I presume you are performing field recordings with a platinum electrode, which really acts as a capacitor, not as a resistor. Electrical activity of the hippocampal neurons is coupled capacitively through the electrodes to your amplifier system so that Ic= CdV/dt. In other words, current flows only when there is a sudden change in voltage, as in an action potential.

Generally, when doing field recordings there is little need to lower the impedance of wires recording hippocampal field potentials, simply because the HC field activity is so powerful. I usually just use freshly cut 25 or 40 micron tungsten wire. If you're trying to record HC units then you do want a lower impedance for your wires, in that case you want to use much smaller wires (~13-15microns) and gold plate the recording tips to an impedance between 100-200kOhms.

Hi James,

thanks for the information and we currently record from Hippocampal CA1 region and use stainless steel electrodes (monopolar ) and its impedance was 5 Mohm but we tried to reduce the impedance by electrolytic sharpening and i was looking for some alternate way.
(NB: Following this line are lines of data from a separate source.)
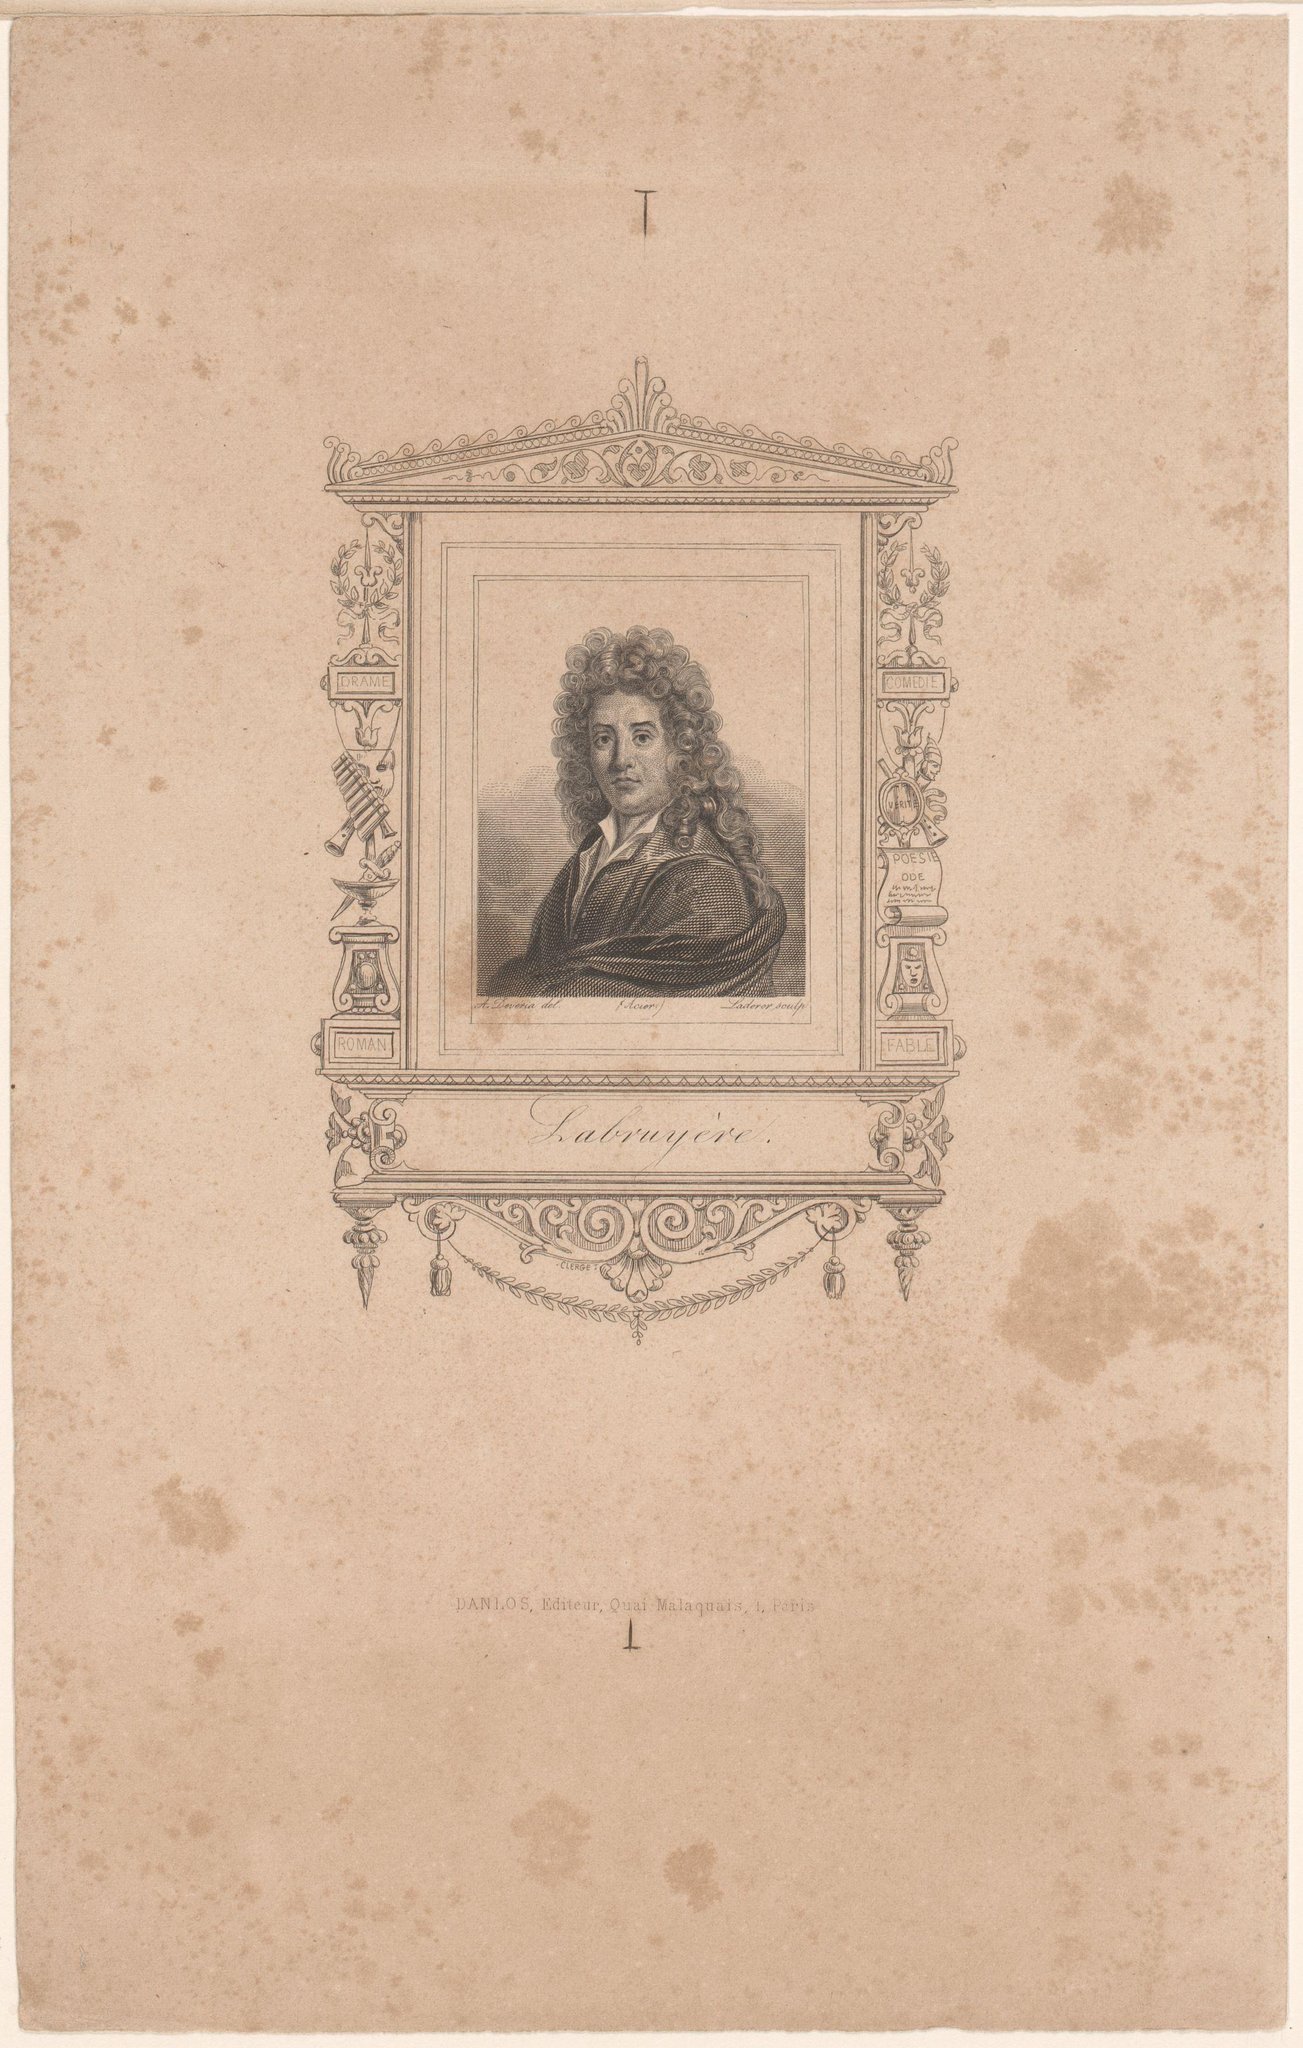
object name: print
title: Portret van Jean de La Bruyère
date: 1828-1899
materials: paper
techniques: engraving
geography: france
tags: historical persons, portrait of a writer, ornament ~ cartouche
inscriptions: collector's mark: Lugt 2228

thanks a lot for your answer

Hi Binu, Following some of the other answers, to get ride of problems with electrode resistance you have to use a high impedance headstage or field effect transistors. This is common in most electro settings anyway. Wihth high impedance coupling the resistance of the electrode is neglectable. You get near the same extracellular recordings using a metal macro or a sharp micropipette for intracellular recording of 60-100 megohms. Beyond that you have to estimate the lost voltage.

The problems may arise if you attempt to record on DC-coupled mode using metal electrodes, but I assume you don't. Using high impedance headstages also reduces the leak of current from amplifiers to the tissue (through your electrode) reducing other complicating problems.